Exercise prompt: No pictures should appear in the copy. Reproduce exactly the lines from the one containing "Your response must" through the end of the material below.

Extracted material:
★ ★ ★ ★ ★ ★ ★
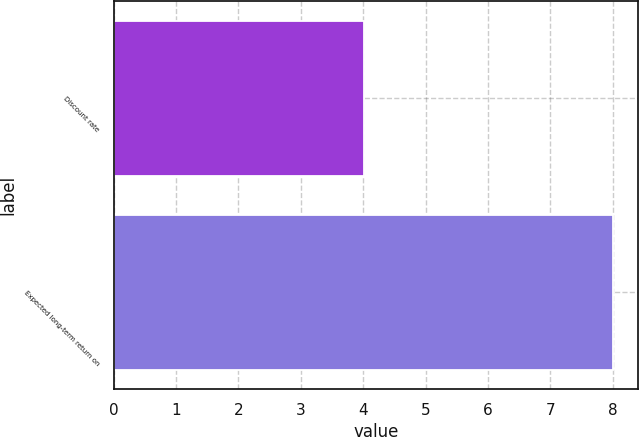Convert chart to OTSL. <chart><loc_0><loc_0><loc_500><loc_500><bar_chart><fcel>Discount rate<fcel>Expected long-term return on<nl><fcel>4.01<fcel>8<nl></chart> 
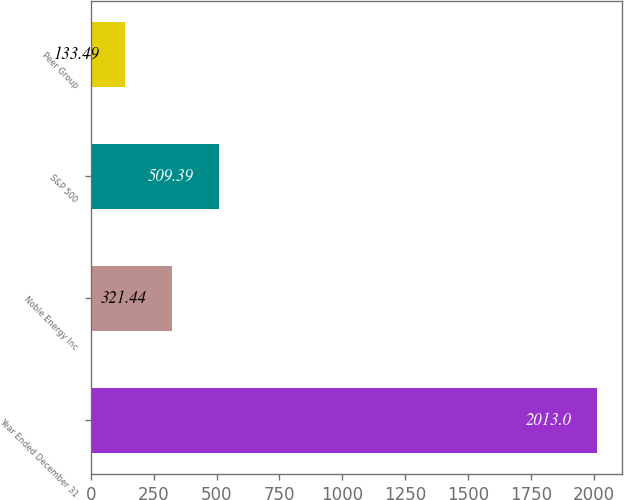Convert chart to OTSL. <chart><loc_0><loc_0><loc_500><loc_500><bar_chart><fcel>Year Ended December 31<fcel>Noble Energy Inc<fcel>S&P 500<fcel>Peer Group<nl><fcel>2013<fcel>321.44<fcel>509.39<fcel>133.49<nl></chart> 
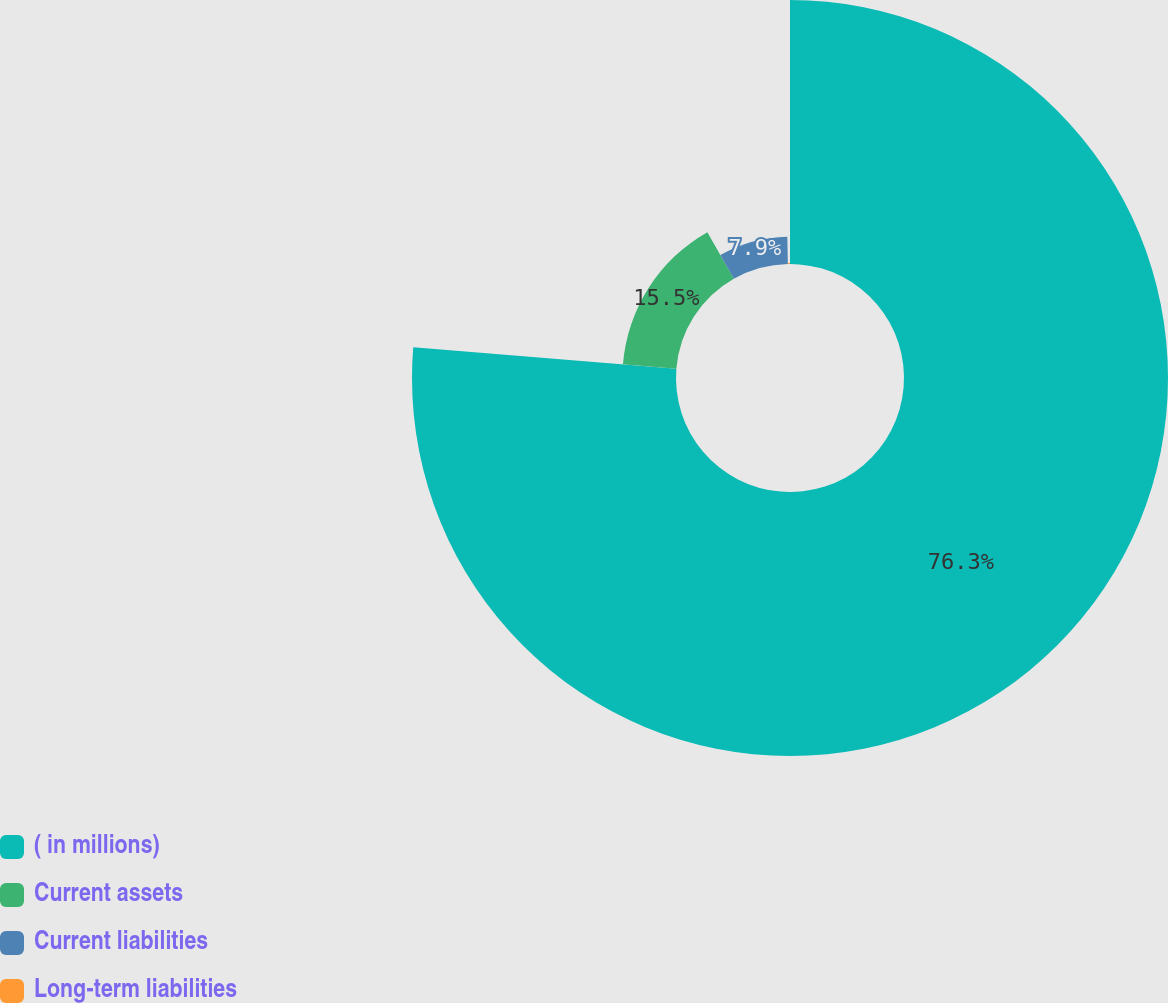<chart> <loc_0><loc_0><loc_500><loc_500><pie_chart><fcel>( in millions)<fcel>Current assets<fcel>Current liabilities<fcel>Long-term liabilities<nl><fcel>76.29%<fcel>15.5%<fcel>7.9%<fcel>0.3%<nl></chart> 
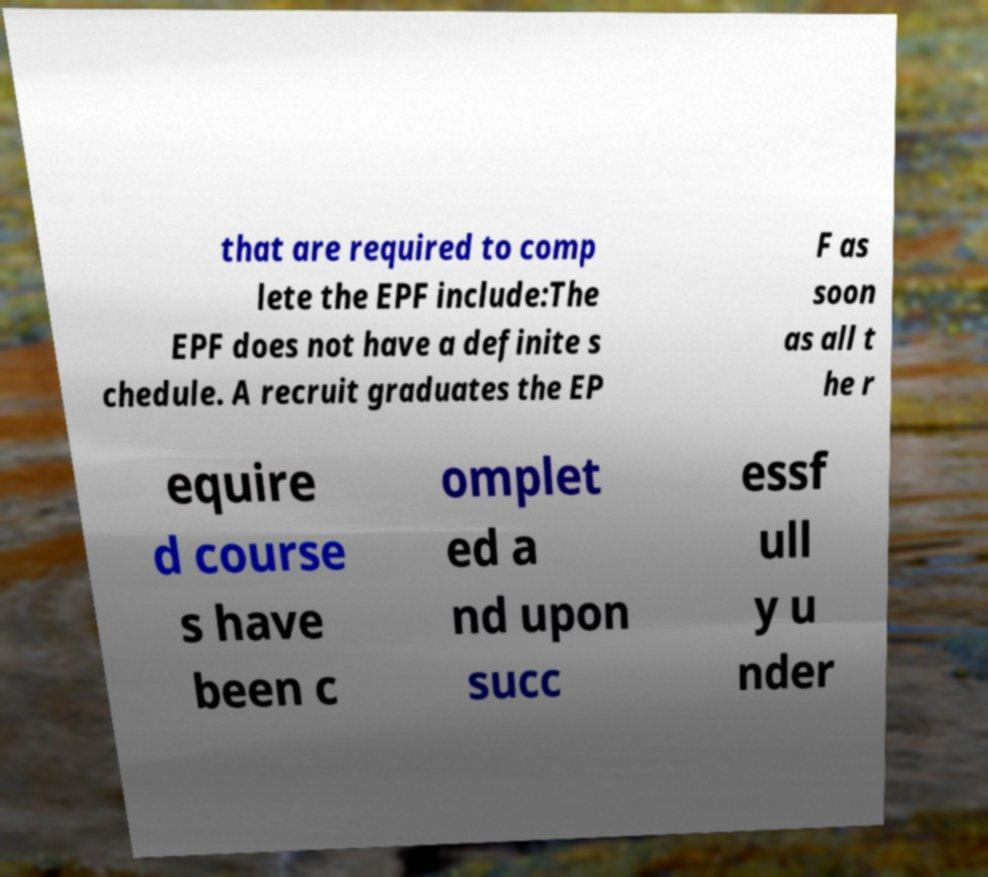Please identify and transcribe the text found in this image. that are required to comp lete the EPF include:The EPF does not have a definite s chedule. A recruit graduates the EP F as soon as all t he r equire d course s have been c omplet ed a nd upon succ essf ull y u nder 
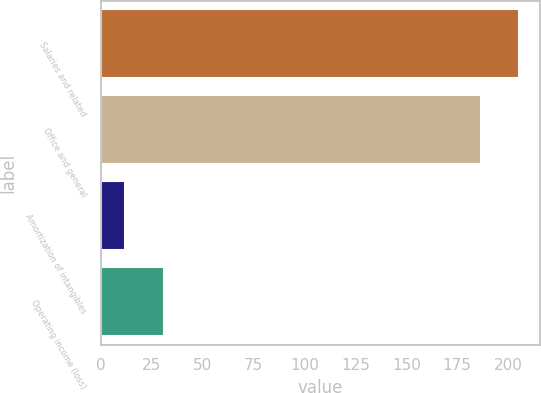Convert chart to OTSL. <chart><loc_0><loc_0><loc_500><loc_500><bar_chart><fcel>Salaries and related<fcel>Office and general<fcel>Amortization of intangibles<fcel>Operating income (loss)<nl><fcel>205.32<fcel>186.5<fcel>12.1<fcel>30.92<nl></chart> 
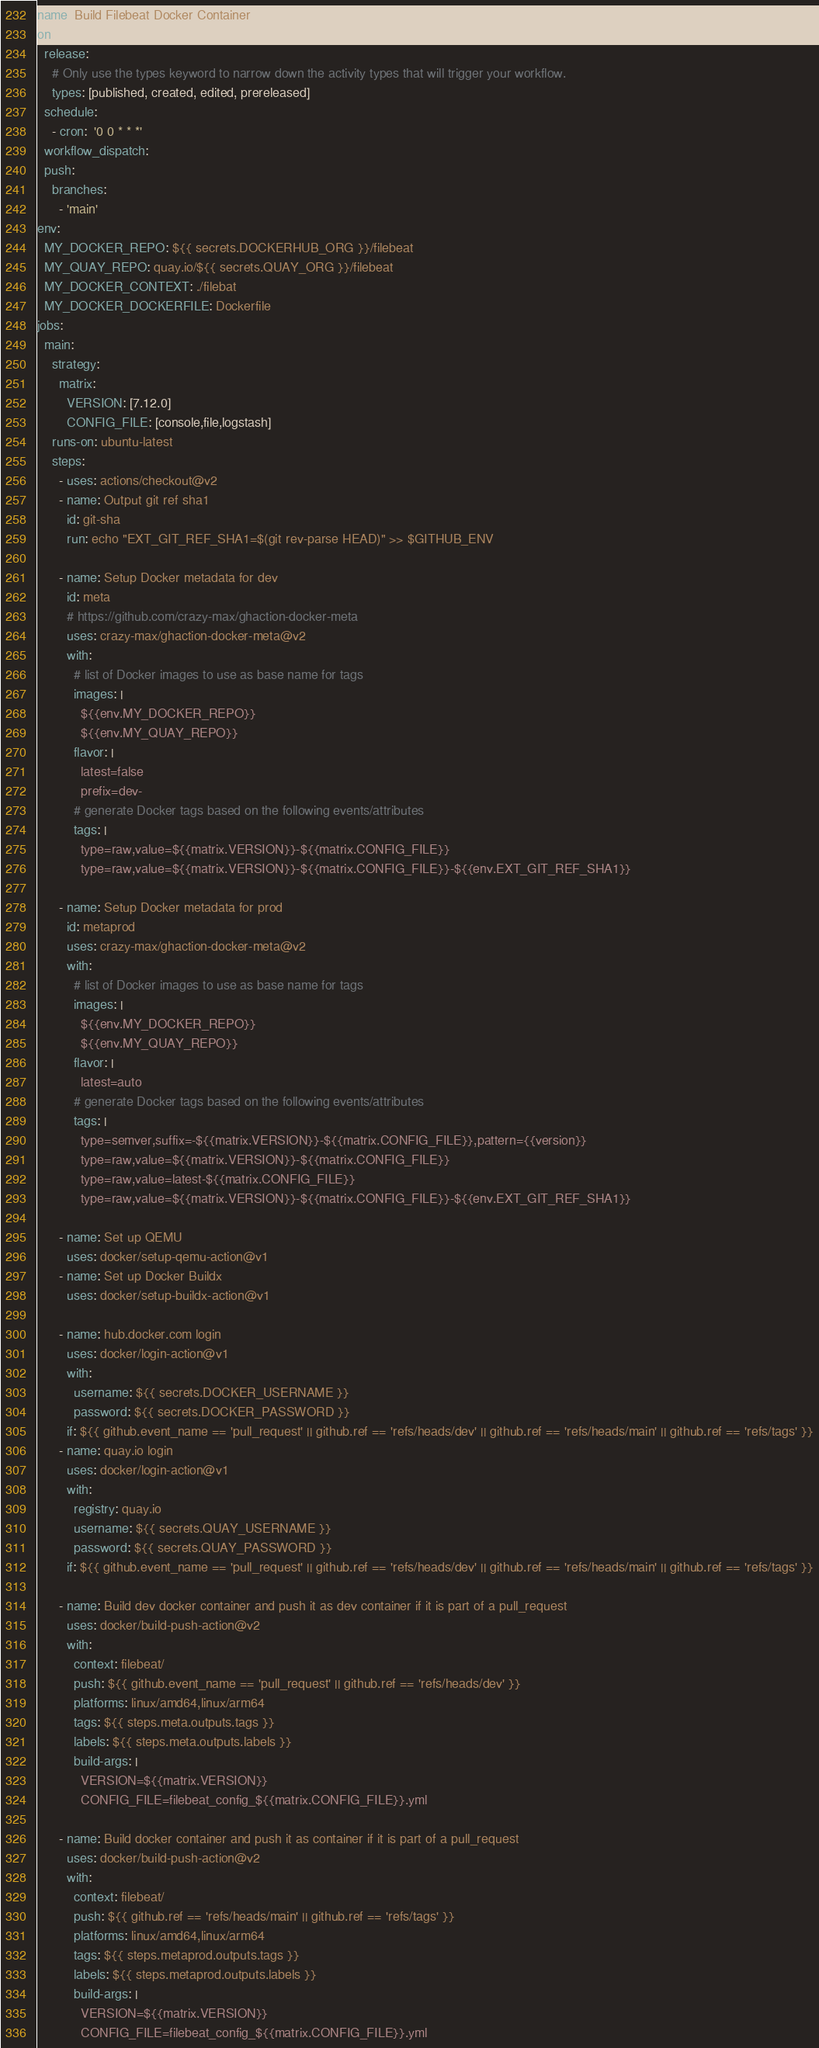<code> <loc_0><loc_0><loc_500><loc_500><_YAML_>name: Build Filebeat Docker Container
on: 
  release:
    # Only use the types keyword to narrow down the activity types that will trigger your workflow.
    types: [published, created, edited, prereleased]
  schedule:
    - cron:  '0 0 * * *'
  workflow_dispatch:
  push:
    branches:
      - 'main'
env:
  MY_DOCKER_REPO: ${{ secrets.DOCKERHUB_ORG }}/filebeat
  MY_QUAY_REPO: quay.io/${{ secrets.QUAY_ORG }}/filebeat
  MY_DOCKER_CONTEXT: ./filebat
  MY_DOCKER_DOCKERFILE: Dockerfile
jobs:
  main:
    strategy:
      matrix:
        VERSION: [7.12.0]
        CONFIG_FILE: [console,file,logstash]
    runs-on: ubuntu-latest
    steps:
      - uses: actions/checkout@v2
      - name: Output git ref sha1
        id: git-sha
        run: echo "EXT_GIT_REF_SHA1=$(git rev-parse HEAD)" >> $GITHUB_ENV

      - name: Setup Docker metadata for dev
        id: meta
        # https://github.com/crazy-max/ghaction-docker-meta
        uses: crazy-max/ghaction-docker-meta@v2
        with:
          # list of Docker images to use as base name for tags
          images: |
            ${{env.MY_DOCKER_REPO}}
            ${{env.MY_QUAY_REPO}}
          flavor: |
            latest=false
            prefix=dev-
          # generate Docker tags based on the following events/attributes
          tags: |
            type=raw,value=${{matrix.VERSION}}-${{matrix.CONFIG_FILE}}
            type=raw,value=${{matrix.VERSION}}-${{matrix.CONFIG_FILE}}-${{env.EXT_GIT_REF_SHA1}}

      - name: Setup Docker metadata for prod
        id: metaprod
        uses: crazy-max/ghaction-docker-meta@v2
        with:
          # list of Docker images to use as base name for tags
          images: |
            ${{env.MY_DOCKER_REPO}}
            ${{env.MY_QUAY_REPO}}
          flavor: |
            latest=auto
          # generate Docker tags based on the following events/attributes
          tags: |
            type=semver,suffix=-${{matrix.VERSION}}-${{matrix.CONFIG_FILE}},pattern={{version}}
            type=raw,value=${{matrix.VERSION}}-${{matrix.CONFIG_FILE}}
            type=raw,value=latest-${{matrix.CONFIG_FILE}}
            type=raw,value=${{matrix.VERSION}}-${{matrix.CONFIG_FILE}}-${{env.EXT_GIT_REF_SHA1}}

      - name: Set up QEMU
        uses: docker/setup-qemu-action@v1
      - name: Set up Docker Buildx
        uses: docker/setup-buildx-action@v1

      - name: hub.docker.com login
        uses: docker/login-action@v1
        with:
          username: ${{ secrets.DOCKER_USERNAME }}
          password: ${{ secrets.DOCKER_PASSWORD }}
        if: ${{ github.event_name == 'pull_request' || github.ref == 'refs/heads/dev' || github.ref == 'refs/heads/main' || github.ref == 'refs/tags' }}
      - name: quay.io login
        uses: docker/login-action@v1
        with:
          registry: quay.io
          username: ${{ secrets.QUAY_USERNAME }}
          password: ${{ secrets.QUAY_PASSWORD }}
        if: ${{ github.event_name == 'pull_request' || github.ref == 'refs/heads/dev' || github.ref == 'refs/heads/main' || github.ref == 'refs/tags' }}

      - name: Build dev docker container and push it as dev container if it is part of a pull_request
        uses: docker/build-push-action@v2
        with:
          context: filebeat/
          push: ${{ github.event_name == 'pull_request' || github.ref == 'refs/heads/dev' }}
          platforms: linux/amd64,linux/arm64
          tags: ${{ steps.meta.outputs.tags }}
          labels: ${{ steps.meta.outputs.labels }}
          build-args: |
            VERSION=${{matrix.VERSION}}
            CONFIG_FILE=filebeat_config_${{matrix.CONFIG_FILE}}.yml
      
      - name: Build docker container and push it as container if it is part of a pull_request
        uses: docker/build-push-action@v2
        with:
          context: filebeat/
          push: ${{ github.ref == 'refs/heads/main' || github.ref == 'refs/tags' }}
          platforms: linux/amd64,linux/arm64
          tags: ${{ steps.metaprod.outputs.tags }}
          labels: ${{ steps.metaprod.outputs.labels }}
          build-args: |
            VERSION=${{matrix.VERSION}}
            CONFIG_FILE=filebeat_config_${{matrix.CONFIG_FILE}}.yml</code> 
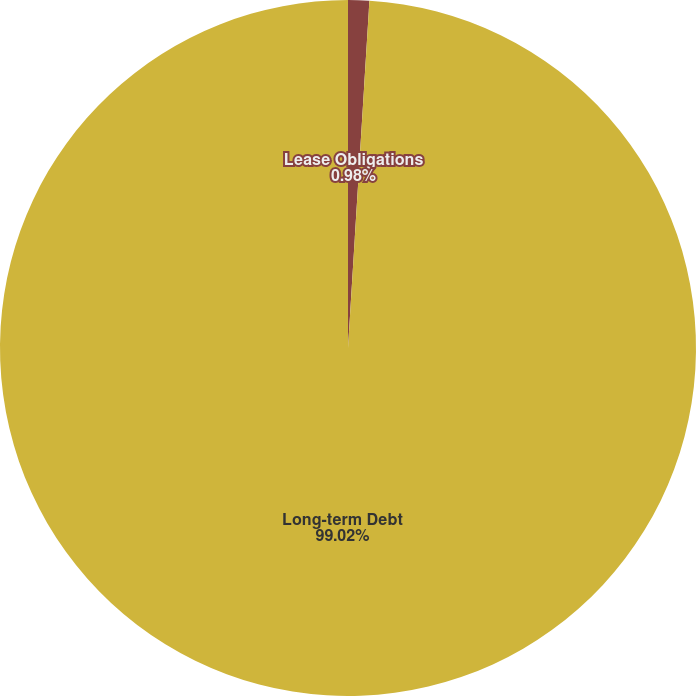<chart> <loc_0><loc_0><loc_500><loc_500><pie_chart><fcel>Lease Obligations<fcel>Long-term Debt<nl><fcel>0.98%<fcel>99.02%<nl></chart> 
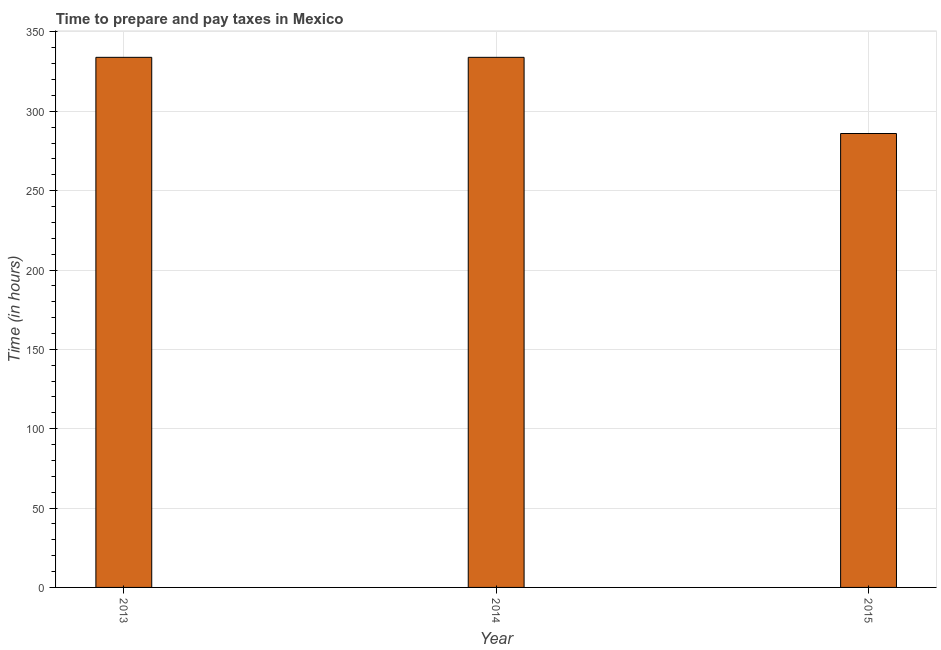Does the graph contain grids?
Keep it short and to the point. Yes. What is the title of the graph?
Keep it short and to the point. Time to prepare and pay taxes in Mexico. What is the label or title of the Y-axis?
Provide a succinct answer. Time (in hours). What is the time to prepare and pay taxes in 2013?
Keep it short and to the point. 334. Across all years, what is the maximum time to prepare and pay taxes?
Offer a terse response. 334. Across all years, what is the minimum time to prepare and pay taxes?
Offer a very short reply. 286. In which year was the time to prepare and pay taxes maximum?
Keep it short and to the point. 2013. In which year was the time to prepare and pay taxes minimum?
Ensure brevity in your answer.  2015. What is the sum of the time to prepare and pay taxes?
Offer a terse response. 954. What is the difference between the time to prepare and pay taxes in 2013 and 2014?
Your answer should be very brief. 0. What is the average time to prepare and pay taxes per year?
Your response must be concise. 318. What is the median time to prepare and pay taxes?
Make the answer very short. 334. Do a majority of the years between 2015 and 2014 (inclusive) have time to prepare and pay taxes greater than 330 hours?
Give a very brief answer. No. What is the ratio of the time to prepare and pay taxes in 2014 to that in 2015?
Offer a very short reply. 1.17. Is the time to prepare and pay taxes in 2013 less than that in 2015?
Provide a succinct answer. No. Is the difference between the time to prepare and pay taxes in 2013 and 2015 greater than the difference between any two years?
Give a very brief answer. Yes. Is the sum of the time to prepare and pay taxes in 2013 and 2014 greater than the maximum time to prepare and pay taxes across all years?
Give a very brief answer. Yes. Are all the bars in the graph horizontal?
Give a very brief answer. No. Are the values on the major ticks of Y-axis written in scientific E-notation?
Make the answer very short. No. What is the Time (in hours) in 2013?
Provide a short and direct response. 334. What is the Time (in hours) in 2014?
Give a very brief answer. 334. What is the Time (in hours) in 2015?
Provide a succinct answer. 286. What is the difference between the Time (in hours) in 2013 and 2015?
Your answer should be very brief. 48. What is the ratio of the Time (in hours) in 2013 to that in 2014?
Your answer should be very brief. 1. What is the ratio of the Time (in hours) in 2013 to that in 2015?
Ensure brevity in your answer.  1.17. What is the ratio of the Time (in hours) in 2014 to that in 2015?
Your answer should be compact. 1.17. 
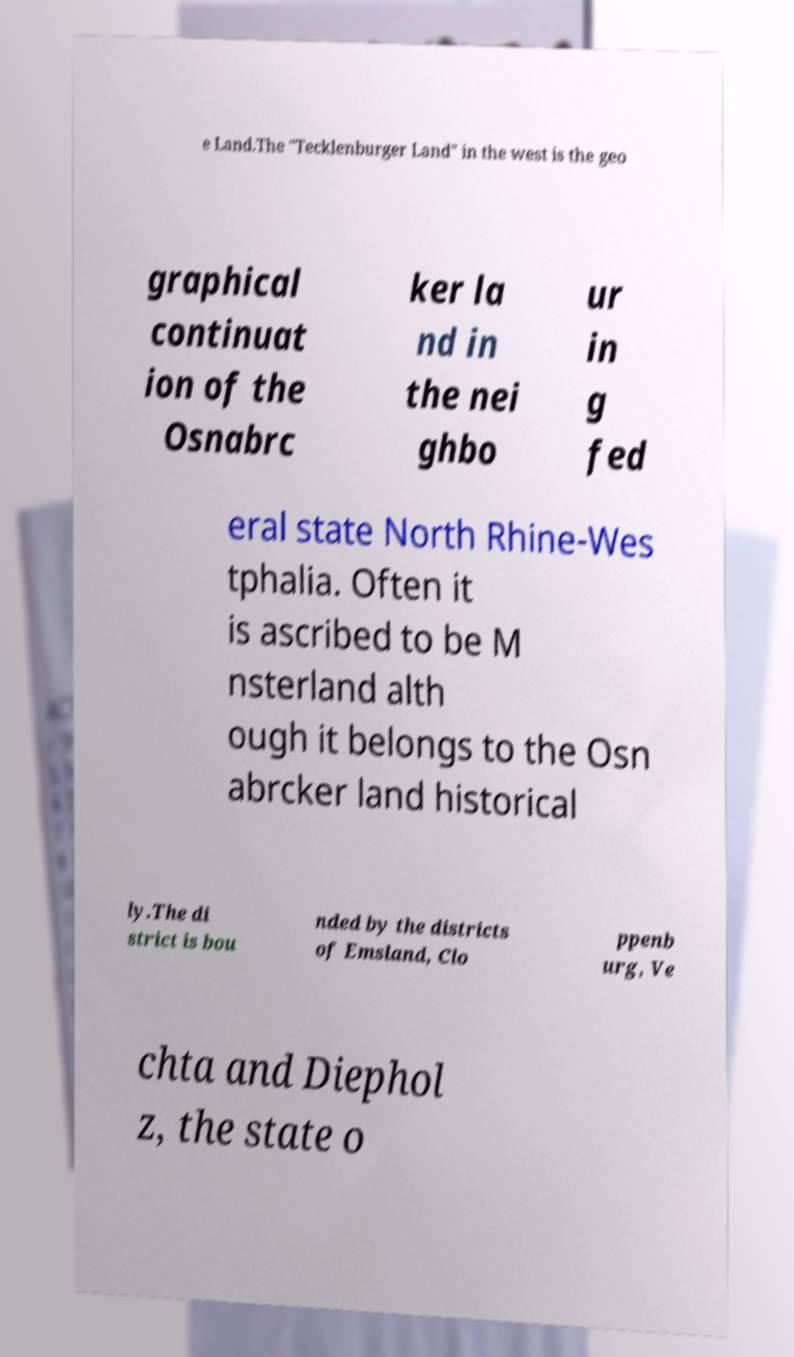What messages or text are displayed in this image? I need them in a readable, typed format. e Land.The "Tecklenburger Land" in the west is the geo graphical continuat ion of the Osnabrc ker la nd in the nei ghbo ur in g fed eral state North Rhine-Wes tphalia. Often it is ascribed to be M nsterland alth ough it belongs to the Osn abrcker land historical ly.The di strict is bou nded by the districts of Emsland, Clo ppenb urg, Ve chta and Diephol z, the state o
★ ★ ★ ★ ★ ★ ★
Answer to this exercise:
Your response must be concise. 318. What is the median time to prepare and pay taxes?
Make the answer very short. 334. Do a majority of the years between 2015 and 2014 (inclusive) have time to prepare and pay taxes greater than 330 hours?
Give a very brief answer. No. What is the ratio of the time to prepare and pay taxes in 2014 to that in 2015?
Offer a very short reply. 1.17. Is the time to prepare and pay taxes in 2013 less than that in 2015?
Provide a succinct answer. No. Is the difference between the time to prepare and pay taxes in 2013 and 2015 greater than the difference between any two years?
Give a very brief answer. Yes. Is the sum of the time to prepare and pay taxes in 2013 and 2014 greater than the maximum time to prepare and pay taxes across all years?
Give a very brief answer. Yes. Are all the bars in the graph horizontal?
Give a very brief answer. No. Are the values on the major ticks of Y-axis written in scientific E-notation?
Make the answer very short. No. What is the Time (in hours) in 2013?
Provide a short and direct response. 334. What is the Time (in hours) in 2014?
Give a very brief answer. 334. What is the Time (in hours) in 2015?
Provide a succinct answer. 286. What is the difference between the Time (in hours) in 2013 and 2015?
Your answer should be very brief. 48. What is the ratio of the Time (in hours) in 2013 to that in 2014?
Your answer should be very brief. 1. What is the ratio of the Time (in hours) in 2013 to that in 2015?
Ensure brevity in your answer.  1.17. What is the ratio of the Time (in hours) in 2014 to that in 2015?
Your answer should be compact. 1.17. 
What messages or text are displayed in this image? I need them in a readable, typed format. e Land.The "Tecklenburger Land" in the west is the geo graphical continuat ion of the Osnabrc ker la nd in the nei ghbo ur in g fed eral state North Rhine-Wes tphalia. Often it is ascribed to be M nsterland alth ough it belongs to the Osn abrcker land historical ly.The di strict is bou nded by the districts of Emsland, Clo ppenb urg, Ve chta and Diephol z, the state o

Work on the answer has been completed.